One year later, Green went to an IG and claimed that NTA, specifically the XO, had “blackballed” him in retaliation for whistleblowing about wrongdoing at the training command, damaging his career. 8 Arguably, this is the sort of allegation that merits an investigation. He believed he had suffered an adverse personnel action. Was it because of his conduct or in reprisal for legitimate whistleblowing?

Evidence supplied by Green was the sole basis for the IG’s preliminary inquiry, which is typical. The IG established that he had made a “protected communication,” thereby imparting whistleblower status. His allegations of “verbal maltreatment and disrespect” implied a violation of the Navy’s hazing regulation, but there had been no direct allegations of such a violation. Regardless, under whistleblower protection law, the IG only needs to assess whether a claimant “reasonably believes” he is alleging a violation of law or regulation. 9 No actual wrongdoing is necessary for whistleblowing to occur. The preliminary inquiry also concluded that “uninviting” Green back to NTA was done in reprisal. 10 All that remained was to assign motive and blame. While that may sound presumptuous, military whistleblower-reprisal investigations are skewed toward substantiating allegations, not exonerating those accused.

Civil Rights and Reprisals

More familiar provisions of the 1964 Civil Rights Act prohibit discrimination based on race, religion, or sex. A lesser-known feature also prevents retaliation—a form of discrimination—for whistleblowing. 11 This is significant because the Civil Rights Act presumes that targets of discrimination are wholly disadvantaged. Therefore, an allegation, based on a “preponderance of evidence,” is accepted as a prima facie claim—the allegation is assumed to be correct unless proven otherwise.

The burden of proof in prima facie cases necessarily shifts from the claimant to the subject of the investigation—guilt is presumed; now innocence must be proved. The subject must establish that personnel actions were taken for non-retaliatory reasons by the higher legal bar of “clear and convincing evidence.” 12 This burden-shifting may be feasible in transparent hearings before a court or review board. However, the secrecy of an IG investigation creates an unjust situation for military subjects.

The Naval IG is the confidential agent of the Secretary of the Navy, and its investigative proceedings are strictly exempt from disclosure and scrutiny. 13 When White was notified that he was the subject of an investigation and interviewed—almost two years after the events in question—he did not know any of the details of the alleged whistleblowing, and was not allowed to review the evidence and testimony that the IG had compiled.

Commander White was also required to sign a confidentiality agreement affirming that he would not discuss the investigation with anyone, including his former CO. 14 At that point, both officers had transferred from NTA. White, effectively muzzled, could not seek out witnesses to speak in his defense. While this confidentiality is ostensibly employed to protect the whistleblower, those measures combined with the requirement to overcome a prima facie claim create a paradox that flies in the face of what would otherwise be considered a fair proceeding.

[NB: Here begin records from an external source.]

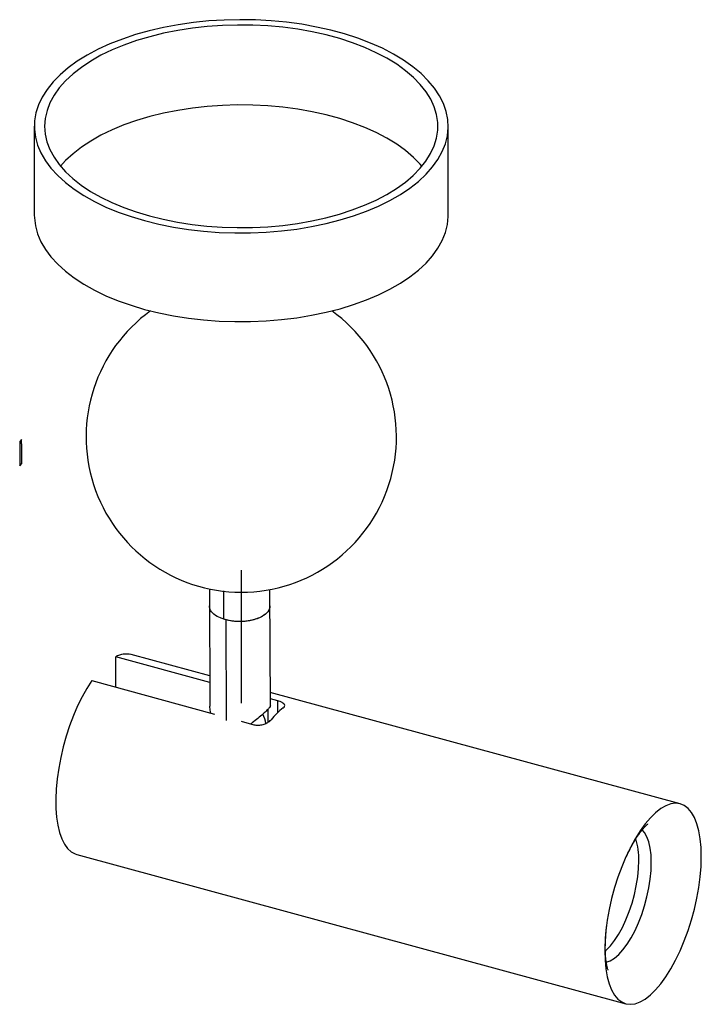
# Paper-space layout '_Trimétrica' of a CAD drawing. Header units: millimetres. Extents: x -62 to 70, y -98 to 92.
import ezdxf

# ---------------------------------------------------------------- set-up
doc = ezdxf.new("R2010")
doc.units = ezdxf.units.MM

psp = doc.layouts.new('_Trimétrica')

# ---------------------------------------------------------------- linework, layer by layer
at = {"color": 7, "linetype": 'Continuous', "lineweight": 25}
for p, q in [((-59.27, 71.8), (-59.27, 54.66)), ((20.73, 54.66), (20.73, 71.8)), ((-62.07, 10.88), (-62.1, 6.2)), ((-61.72, 11.29), (-62.07, 10.88)), ((-61.72, 10.44), (-61.72, 11.29)), ((-61.68, 10.49), (-61.72, 10.44)), ((-61.7, 6.66), (-61.68, 10.49)), ((-62.1, 6.2), (-61.7, 6.66)), ((-25.43, -17.56), (-25.34, -40.19)), ((-22.64, -23.44), (-22.66, -17.96)), ((-13.64, -40.14), (-13.73, -17.68)), ((-22.28, -23.55), (-23.12, -23.24)), ((-22.28, -23.55), (-22.2, -42.97)), ((-25.36, -34.39), (-40.56, -30.26)), ((-25.35, -35.63), (-43.5, -30.7)), ((-43.5, -36.56), (-43.5, -30.7)), ((-48.17, -35.29), (-24.41, -41.74)), ((65.57, -59.11), (-13.65, -37.58)), ((-12.2, -39.21), (-13.64, -38.82)), ((-12.2, -41.44), (-12.2, -39.21)), ((-14.07, -43.31), (-14.08, -40.76)), ((-19.31, -43.13), (-16.86, -43.8)), ((-51.05, -68.86), (55.08, -97.71))]:
    psp.add_line(p, q, dxfattribs=at)
at = {"color": 7, "linetype": 'Continuous'}
psp.add_line((-19.27, -13.92), (-19.27, -39.63), dxfattribs=at)
at = {"color": 7, "linetype": 'Continuous', "lineweight": 25, "flags": 128}
for points in [[(-37.94, 53.58), (-35.21, 52.91), (-32.39, 52.34), (-29.49, 51.88), (-26.54, 51.54), (-23.54, 51.32), (-20.52, 51.21), (-17.49, 51.22), (-14.48, 51.35), (-11.49, 51.59), (-8.54, 51.95), (-5.66, 52.43), (-2.85, 53.01), (-0.14, 53.71), (2.46, 54.5), (4.94, 55.4), (7.28, 56.39), (9.46, 57.47), (11.49, 58.63), (13.33, 59.86), (14.99, 61.17), (16.46, 62.53), (17.71, 63.95), (18.76, 65.41), (19.59, 66.91), (20.2, 68.44), (20.58, 69.99), (20.73, 71.55), (20.65, 73.1), (20.35, 74.66), (19.81, 76.19), (19.06, 77.7), (18.08, 79.18), (16.89, 80.61), (15.49, 81.99), (13.9, 83.32), (12.11, 84.58), (10.15, 85.76), (8.01, 86.87), (5.72, 87.89), (3.29, 88.81), (0.72, 89.64), (-1.95, 90.37), (-4.73, 90.99), (-7.59, 91.51), (-10.52, 91.9), (-13.49, 92.19), (-16.5, 92.35), (-19.53, 92.4), (-22.55, 92.33), (-25.56, 92.15), (-28.53, 91.84), (-31.44, 91.43), (-34.29, 90.89), (-37.05, 90.25), (-39.71, 89.51), (-42.25, 88.66), (-44.66, 87.72), (-46.93, 86.68), (-49.03, 85.56), (-50.97, 84.37), (-52.72, 83.09), (-54.29, 81.76), (-55.65, 80.37), (-56.8, 78.92), (-57.74, 77.44), (-58.46, 75.93), (-58.95, 74.39), (-59.22, 72.84), (-59.26, 71.28), (-59.06, 69.72), (-58.64, 68.18), (-58, 66.65), (-57.13, 65.16), (-56.05, 63.7), (-54.75, 62.29), (-53.26, 60.94), (-51.56, 59.65), (-49.69, 58.42), (-47.64, 57.28), (-45.42, 56.21), (-43.06, 55.24), (-40.56, 54.36), (-37.94, 53.58)], [(-37, 54.49), (-34.35, 53.84), (-31.6, 53.29), (-28.77, 52.85), (-25.89, 52.53), (-22.98, 52.32), (-20.03, 52.23), (-17.09, 52.26), (-14.15, 52.41), (-11.25, 52.67), (-8.4, 53.05), (-5.61, 53.54), (-2.9, 54.14), (-0.29, 54.84), (2.2, 55.65), (4.57, 56.56), (6.79, 57.56), (8.85, 58.64), (10.75, 59.8), (12.46, 61.03), (13.99, 62.33), (15.31, 63.69), (16.43, 65.09), (17.33, 66.54), (18.01, 68.02), (18.47, 69.51), (18.7, 71.03), (18.7, 72.55), (18.48, 74.06), (18.02, 75.56), (17.35, 77.04), (16.45, 78.48), (15.34, 79.89), (14.02, 81.24), (12.5, 82.54), (10.78, 83.78), (8.89, 84.94), (6.83, 86.03), (4.61, 87.03), (2.25, 87.93), (-0.24, 88.74), (-2.85, 89.45), (-5.56, 90.05), (-8.34, 90.55), (-11.2, 90.93), (-14.1, 91.19), (-17.03, 91.34), (-19.98, 91.37), (-22.92, 91.28), (-25.84, 91.08), (-28.72, 90.76), (-31.54, 90.32), (-34.29, 89.78), (-36.95, 89.12), (-39.51, 88.37), (-41.94, 87.51), (-44.23, 86.56), (-46.38, 85.52), (-48.36, 84.39), (-50.17, 83.19), (-51.79, 81.93), (-53.21, 80.6), (-54.44, 79.22), (-55.45, 77.79), (-56.24, 76.33), (-56.81, 74.84), (-57.15, 73.33), (-57.27, 71.82), (-57.16, 70.3), (-56.82, 68.79), (-56.25, 67.3), (-55.46, 65.84), (-54.46, 64.41), (-53.24, 63.03), (-51.82, 61.7), (-50.2, 60.43), (-48.4, 59.23), (-46.42, 58.11), (-44.28, 57.06), (-41.98, 56.11), (-39.55, 55.25), (-37, 54.49)], [(15.66, 64.09), (15.34, 64.46), (14.02, 65.81), (12.5, 67.11), (10.78, 68.35), (8.89, 69.51), (6.83, 70.6), (4.61, 71.6), (2.25, 72.5), (-0.24, 73.31), (-2.85, 74.02), (-5.56, 74.62), (-8.34, 75.12), (-11.2, 75.5), (-14.1, 75.76), (-17.03, 75.91), (-19.98, 75.94), (-22.92, 75.85), (-25.84, 75.65), (-28.72, 75.33), (-31.54, 74.89), (-34.29, 74.35), (-36.95, 73.7), (-39.51, 72.94), (-41.94, 72.08), (-44.23, 71.13), (-46.38, 70.09), (-48.36, 68.96), (-50.17, 67.76), (-51.79, 66.5), (-53.21, 65.17), (-54.19, 64.09)], [(-59.27, 54.66), (-59.26, 54.13), (-59.06, 52.58), (-58.64, 51.03), (-58, 49.51), (-57.13, 48.02), (-56.05, 46.56), (-54.75, 45.15), (-53.26, 43.8), (-51.56, 42.5), (-49.69, 41.28), (-47.64, 40.13), (-45.42, 39.07), (-43.06, 38.1), (-40.56, 37.22), (-37.94, 36.44)], [(-37.94, 36.44), (-35.21, 35.76), (-32.39, 35.2), (-29.49, 34.74), (-26.54, 34.4), (-23.54, 34.17), (-20.52, 34.07), (-17.49, 34.08), (-14.48, 34.2), (-11.49, 34.45), (-8.54, 34.81), (-5.66, 35.29), (-2.85, 35.87), (-0.14, 36.56), (2.46, 37.36), (4.94, 38.26), (7.28, 39.25), (9.46, 40.32), (11.49, 41.49), (13.33, 42.72), (14.99, 44.02), (16.46, 45.39), (17.71, 46.81), (18.76, 48.27), (19.59, 49.77), (20.2, 51.3), (20.58, 52.84), (20.73, 54.4), (20.73, 54.66)], [(-48.17, -35.29), (-49.12, -36.78), (-50.03, -38.41), (-50.89, -40.17), (-51.7, -42.04), (-52.44, -43.99), (-53.1, -46.01), (-53.68, -48.07), (-54.17, -50.14), (-54.56, -52.21), (-54.86, -54.25), (-55.05, -56.24), (-55.13, -58.14), (-55.11, -59.96), (-54.98, -61.65), (-54.74, -63.2), (-54.41, -64.6), (-53.97, -65.82), (-53.44, -66.86), (-52.83, -67.71), (-52.13, -68.34), (-51.36, -68.76), (-51.05, -68.86)], [(69.66, -69.3), (69.61, -67.5), (69.44, -65.82), (69.17, -64.3), (68.8, -62.94), (68.33, -61.76), (67.76, -60.78), (67.11, -60), (66.37, -59.44), (65.57, -59.1), (64.7, -58.99), (63.78, -59.11), (62.83, -59.45), (61.84, -60.02), (60.83, -60.8), (59.82, -61.78), (58.82, -62.96), (57.83, -64.33), (56.87, -65.85), (55.96, -67.53), (55.09, -69.33), (54.29, -71.24), (53.55, -73.23), (52.9, -75.28), (52.33, -77.37), (51.86, -79.48), (51.48, -81.57), (51.21, -83.62), (51.05, -85.61), (51, -87.52), (51.05, -89.32), (51.21, -90.99), (51.48, -92.51), (51.86, -93.87), (52.33, -95.05), (52.9, -96.03), (53.55, -96.81), (54.29, -97.37), (55.09, -97.71), (55.96, -97.82), (56.87, -97.7), (57.83, -97.36), (58.82, -96.8), (59.82, -96.02), (60.83, -95.03), (61.84, -93.85), (62.83, -92.49), (63.78, -90.96), (64.7, -89.29), (65.57, -87.48), (66.37, -85.57), (67.11, -83.58), (67.76, -81.53), (68.33, -79.44), (68.8, -77.34), (69.17, -75.25), (69.44, -73.19), (69.61, -71.2), (69.66, -69.3)], [(51.26, -89.69), (51.27, -89.68), (52.05, -89.41), (52.86, -88.91), (53.69, -88.21), (54.51, -87.3), (55.32, -86.22), (56.1, -84.96), (56.85, -83.57), (57.53, -82.05), (58.15, -80.45), (58.7, -78.77), (59.16, -77.06), (59.52, -75.34), (59.79, -73.65), (59.95, -72), (60, -70.43), (59.95, -68.97), (59.79, -67.64), (59.52, -66.46), (59.16, -65.46), (58.7, -64.64), (58.23, -64.11)], [(51.11, -87.54), (51.28, -87.39), (52.09, -86.54), (52.9, -85.51), (53.68, -84.31), (54.41, -82.96), (55.1, -81.49), (55.72, -79.91), (56.27, -78.27), (56.73, -76.59), (57.09, -74.9), (57.36, -73.22), (57.52, -71.6), (57.58, -70.06)]]:
    psp.add_lwpolyline(points, dxfattribs=at)
at = {"color": 7, "linetype": 'Continuous', "lineweight": 25}
for centre, radius, start, end in [((-19.27, 11.8), 30, 125.7675, 54.2325), ((-41.48, -34.15), 4, 76.6417, 120.3502), ((-19.47, -44.27), 5, 7.9169, 29.7212), ((-2.61, -51.58), 13.95, 127.7625, 141.2246), ((44.76, -69.69), 12.83, 358.3477, 17.3208)]:
    psp.add_arc(centre, radius, start, end, dxfattribs=at)
for points, knots in [([(-22.64, -23.44), (-23.09, -23.27), (-24.1, -22.89), (-24.96, -22.12), (-25.38, -21.41), (-25.38, -21.03), (-25.39, -20.86)], [0, 0, 0, 0, 0.279539, 0.633131, 0.840055, 1, 1, 1, 1]), ([(-13.73, -20.81), (-13.74, -20.99), (-13.78, -21.56), (-14.48, -22.46), (-15.75, -23.2), (-17.07, -23.61), (-18.21, -23.83), (-19.4, -23.91), (-20.95, -23.86), (-21.97, -23.61), (-22.64, -23.44)], [0, 0, 0, 0, 0.084156, 0.261093, 0.438029, 0.533277, 0.630546, 0.727816, 0.823064, 1, 1, 1, 1]), ([(-13.75, -20.81), (-13.74, -20.92), (-13.72, -21.41), (-14.27, -22.27), (-15.44, -23.05), (-16.7, -23.51), (-17.81, -23.77), (-18.99, -23.89), (-20.53, -23.91), (-21.59, -23.69), (-22.28, -23.55)], [0, 0, 0, 0, 0.052282, 0.235377, 0.418471, 0.517034, 0.617688, 0.718343, 0.816906, 1, 1, 1, 1]), ([(-11.15, -40.55), (-11.05, -40.44), (-10.83, -40.24), (-10.87, -39.91), (-11.17, -39.61), (-11.66, -39.37), (-12.05, -39.25), (-12.2, -39.21)], [0, 0, 0, 0, 0.216884, 0.433688, 0.652098, 0.868384, 1, 1, 1, 1]), ([(-25.14, -41.55), (-25.17, -41.45), (-25.31, -40.98), (-25.32, -40.54), (-25.32, -40.19)], [0, 0, 0, 0, 0.20006, 1, 1, 1, 1]), ([(-13.65, -40.14), (-13.64, -40.14), (-13.6, -40.18), (-13.77, -40.44), (-14.25, -40.97), (-15.06, -41.72), (-16.05, -42.57), (-16.86, -43.24), (-17.32, -43.58), (-17.41, -43.65)], [0, 0, 0, 0, 0.017581, 0.20579, 0.393475, 0.580144, 0.76787, 0.955844, 1, 1, 1, 1]), ([(-16.86, -43.8), (-16.61, -43.84), (-16.1, -43.94), (-15.25, -43.84), (-14.46, -43.58), (-13.85, -43.22), (-13.59, -42.95), (-13.49, -42.84)], [0, 0, 0, 0, 0.208336, 0.416534, 0.62849, 0.8459, 1, 1, 1, 1]), ([(54.74, -70.25), (54.93, -69.83), (55.33, -68.9), (55.98, -67.61), (56.66, -66.39), (57.32, -65.35), (57.93, -64.49), (58.47, -63.82), (58.91, -63.35), (59.21, -63.06), (59.36, -62.95), (59.34, -62.96), (59.33, -62.97)], [0, 0, 0, 0, 0.100916, 0.219056, 0.33497, 0.448163, 0.558177, 0.664662, 0.767495, 0.866927, 0.96375, 1, 1, 1, 1]), ([(51.66, -91.23), (51.66, -91.22), (51.65, -91.21), (51.56, -90.96), (51.44, -90.53), (51.32, -89.9), (51.2, -89.08), (51.12, -88.08), (51.09, -86.9), (51.12, -85.55), (51.2, -84.18), (51.31, -83.24), (51.36, -82.81)], [0, 0, 0, 0, 0.075693, 0.16749, 0.261579, 0.359098, 0.460631, 0.566325, 0.676004, 0.789282, 0.905661, 1, 1, 1, 1])]:
    psp.add_open_spline(points, degree=3, knots=knots, dxfattribs=at)

doc.saveas('drawing.dxf')

Politics and Substantiation

Protecting those who speak out against perceived wrongdoing is a legal necessity, but it is important to understand just how much political momentum there is behind the whistleblower’s protection. In a rare example of bipartisan cooperation, Senator Chuck Grassley (R-IA) inaugurated a Whistleblower Protection Caucus in early 2015. 15 Grassley and other senators in the caucus have endorsed a “National Whistleblower Day,” “celebrating a more open and just society recognizing the courage of whistlblowers.” 16 Well-organized advocacy groups assist Congress in updating whistleblower protection legislation, in many cases to overcome court rulings that have set back their cause. 17 The political theater and amendments to military and civilian legislation have afforded every possible advantage to purported victims of whistleblower reprisal. 18 Meanwhile, there is nothing in the law to ensure fairness for military personnel who may be unjustly accused of committing a reprisal.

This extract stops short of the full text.